What, thought the man on the other end of the phone line, would Merlin think of this means of divination?
At last Angie said: "1933 is the last mention of any Tyrrell child I've come across. As far as I've been able to tell from looking at old newspapers, she dropped out of sight permanently at that point."
"And the child's name?"
"Do you know, I can't find one for her."
"And the subsequent activities of Mrs. Tyrrell? After 1940?"
"Have been only very scantily reported in the news. Starting in the sixties, there are a few items—a small mention here and there, as inheritor of her husband's estate. Oh, and there's this. From the sixties on, this Mr. Gerald Brainard, her nephew, evidently began to be involved in his aunt's business affairs."
"Confirming what we had heard. Thank you."
Presently the phone conversation was over. Ignoring the noise and bustle of the world's busiest airport swirling around his phone booth, the returning traveler tried once more to reach Joe Keogh in Arizona. This time the effort was successful.

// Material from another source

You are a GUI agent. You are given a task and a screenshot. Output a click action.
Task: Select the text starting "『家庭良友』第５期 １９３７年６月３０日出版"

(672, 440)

The man in Chicago communicated his thoughts to the man in Arizona. Then the caller was moved to philosophize.
There was no reason, Drakulya commented, no good reason why a vampire could not be a scientist, or an artist. "As we know, the two abilities are similar."
"I suppose you're right."
"Of course I am right. Quite a few of the nosferatu breed, myself included, collect objets d'art, but almost none of us create such works. This fact has for some time puzzled and worried me, Joseph—but I am keeping you from important work."

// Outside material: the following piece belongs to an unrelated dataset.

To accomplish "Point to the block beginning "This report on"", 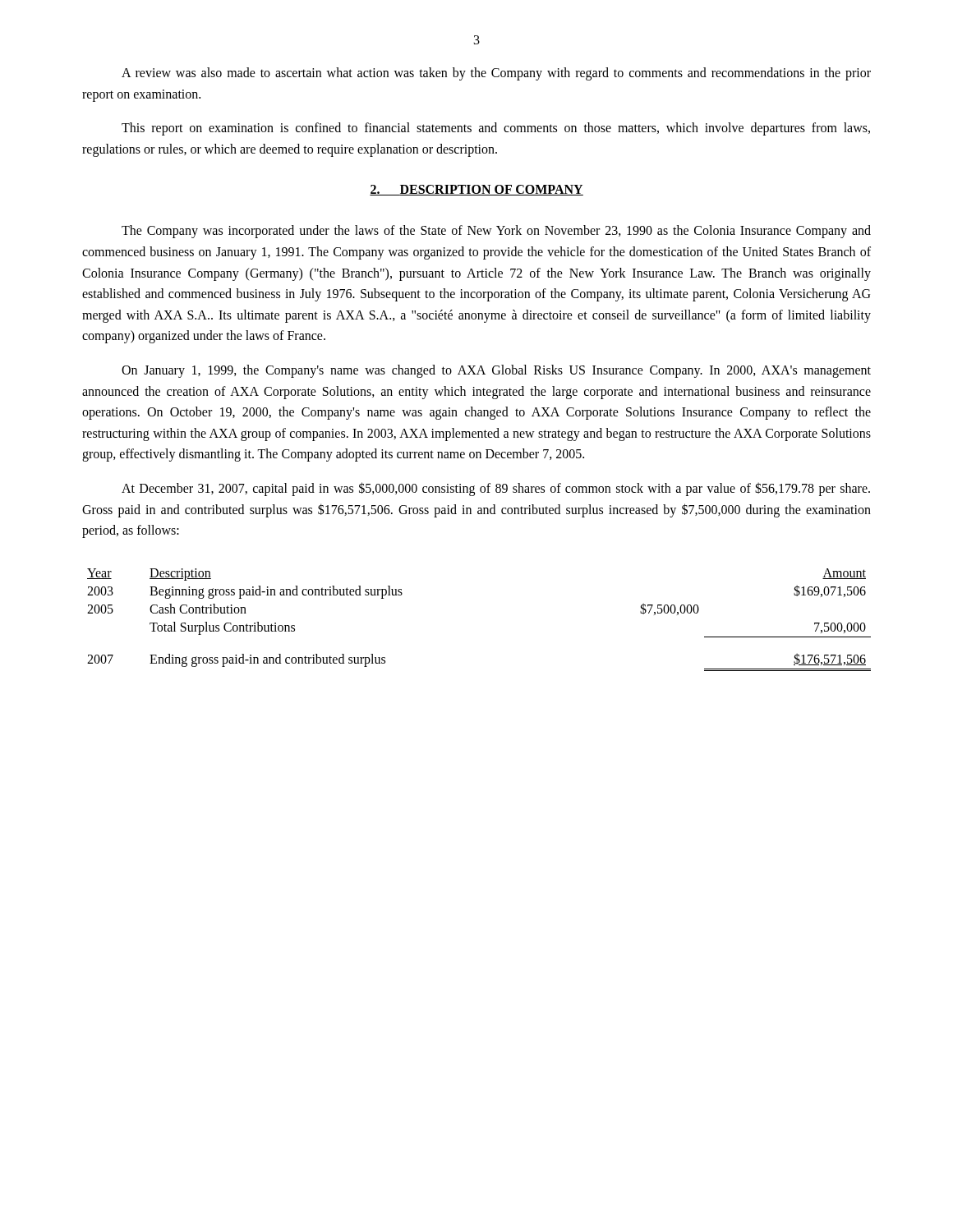I will (476, 138).

A minute later, Joe Keogh in his suite in El Tovar was hanging up his phone and reaching for his jacket and his cane. He wanted to question Sarah Tyrrell about her daughter, and since there was no phone in the Tyrrell House, he was going to have to make the trip on foot yet again.
People in the lobby of El Tovar were talking about snow in the forecast, and once Joe was outside, the look of the wintry morning sky and the smell of the cold wind confirmed that a real snowstorm was almost certainly on the way.